Becker & Poliakoff and chair of the firm’s P3 group. When executed correctly, the P3 is typically a win-win for both the public and private sides, he said. While the example of the toll bridge might be one possible arrangement, Weintraub said one of his favorite adages about P3s is, “once you’ve seen one P3, you’ve seen one P3.”

For example, in the aforementioned bridge scenario, although the consortium would benefit from higher-than-expected traffic over the bridge, it also assumes the risk of lower-than-anticipated traffic. Weintraub said this risk transfer is one of the reasons P3s are so popular. However, in Florida, a Skanska USA-led joint venture is upgrading 21 miles of Interstate 4, but the Florida Department of Transportation decided to assume the risk of usership volume and will simply make scheduled payments to the joint venture during the operations and maintenance period, Weintraub said. This is just one instance of how varied a P3 deal be.

In addition to that risk transfer element, the ability to leverage cash into more projects or simply reduce cash outlays in the midst of a tight budgetary cycle is a P3 benefit for the public entity. Eliopoulos said his  firm represents  one of the design-build partners on the Long Beach Civic Center project. Because the consortium is shouldering most of the financing burden — and due to the fact that the new buildings will require less maintenance and incorporate cost- saving features — Long Beach’s regular payments to the consortium are comparable to what the city is already paying to maintain the existing outdated facility.

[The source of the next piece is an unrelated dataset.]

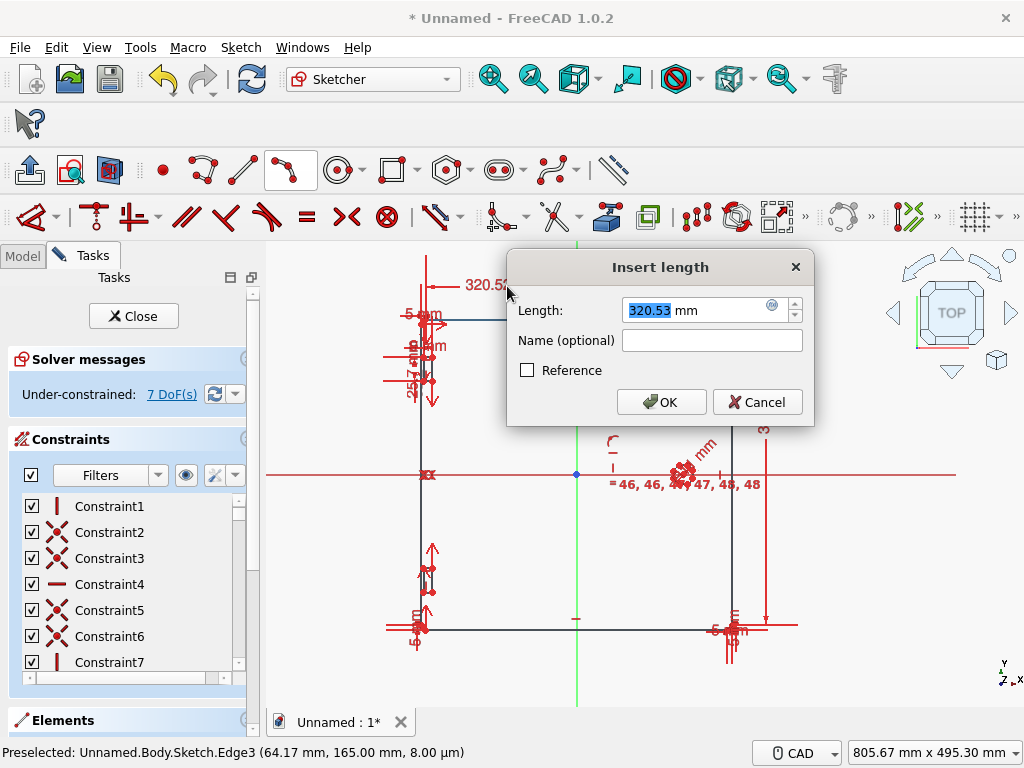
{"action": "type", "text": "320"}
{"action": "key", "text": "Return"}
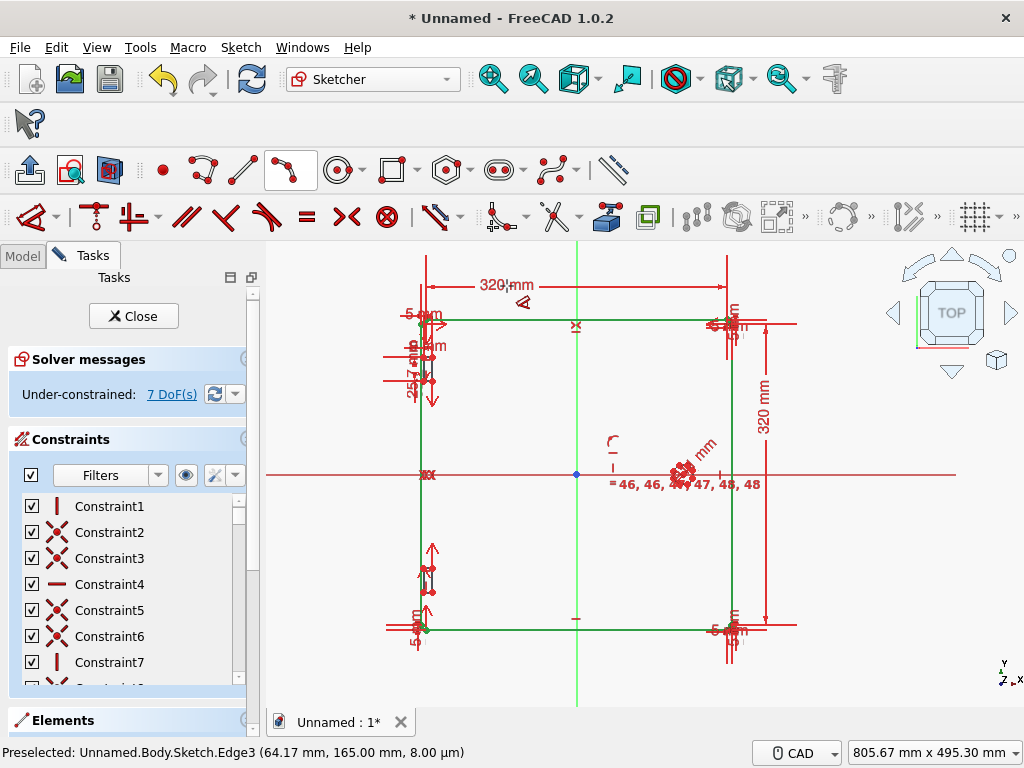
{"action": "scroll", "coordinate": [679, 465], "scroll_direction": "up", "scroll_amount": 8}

Opportunities and obstacles to broader use

Eliopoulos said he thinks that when public entities need to “spread their funding out,” as in the case of Long Beach, P3s will become increasingly popular. “For larger public projects, there’s an interest in P3s among the public agencies,” he said. However, Eliopoulos added that public entities need to learn how to execute (P3s) … and in some cases, they need special enabling legislation and increased cooperation with the government to bring down P3 financing costs.

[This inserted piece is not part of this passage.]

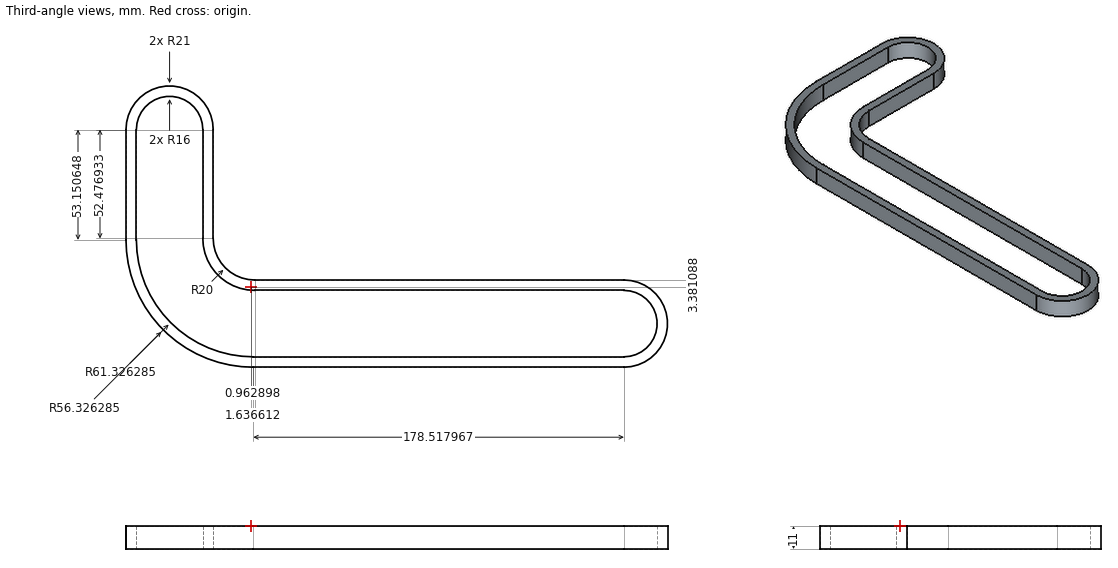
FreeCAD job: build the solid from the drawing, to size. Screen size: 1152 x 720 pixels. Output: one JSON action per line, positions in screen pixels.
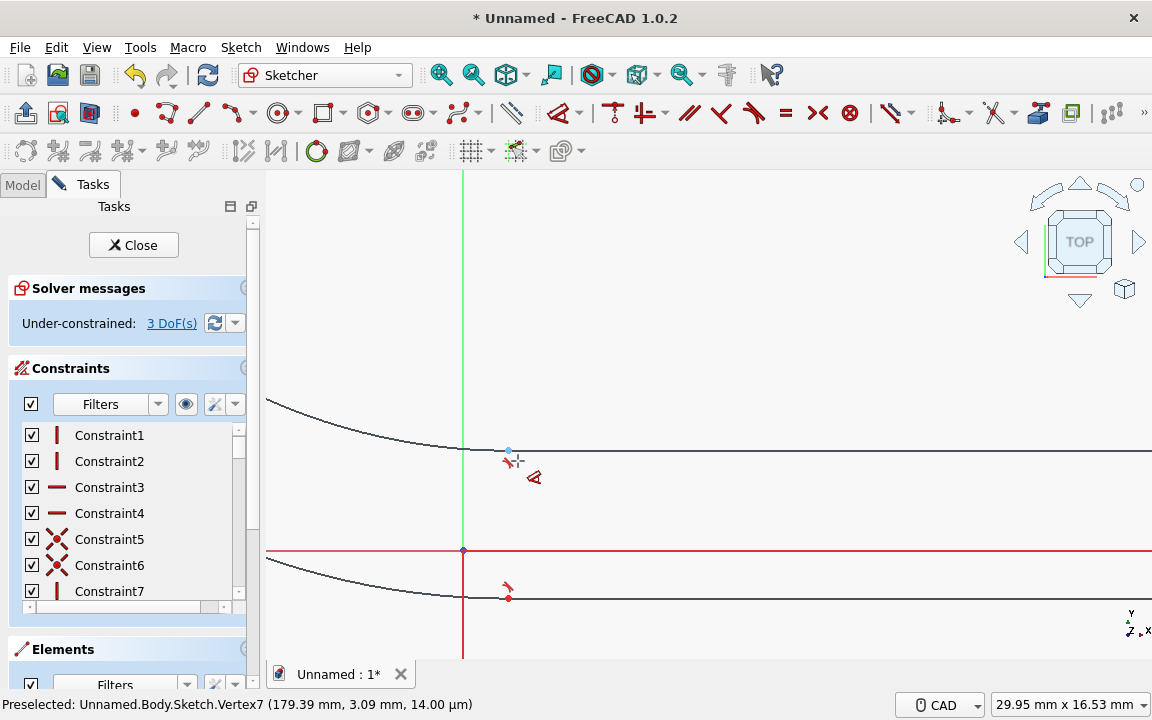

Weintraub said yet another example of a potential financing setup for a P3 is   a model with a nonprofit angle that universities have been using to tackle large projects. “A nonprofit will own the property. They’ll borrow the money that’s needed to do the job, but then they can save money on property taxes because they’re a nonprofit,” he said. “That model is done in a lot of higher education (projects) all around the country.”

According to both legal experts, perhaps the largest obstacle to more public agencies realizing the savings possible with P3s is education about the process and its potential advantages over traditional methods of  financing.

“The bigger issue is that public entities need to realize that even though they’d be paying a little bit more in financing costs, getting a developer in there and the efficiencies of doing that over the 35-to-45-year useful life of these new facilities will save them so much more money,” Eliopoulos  said.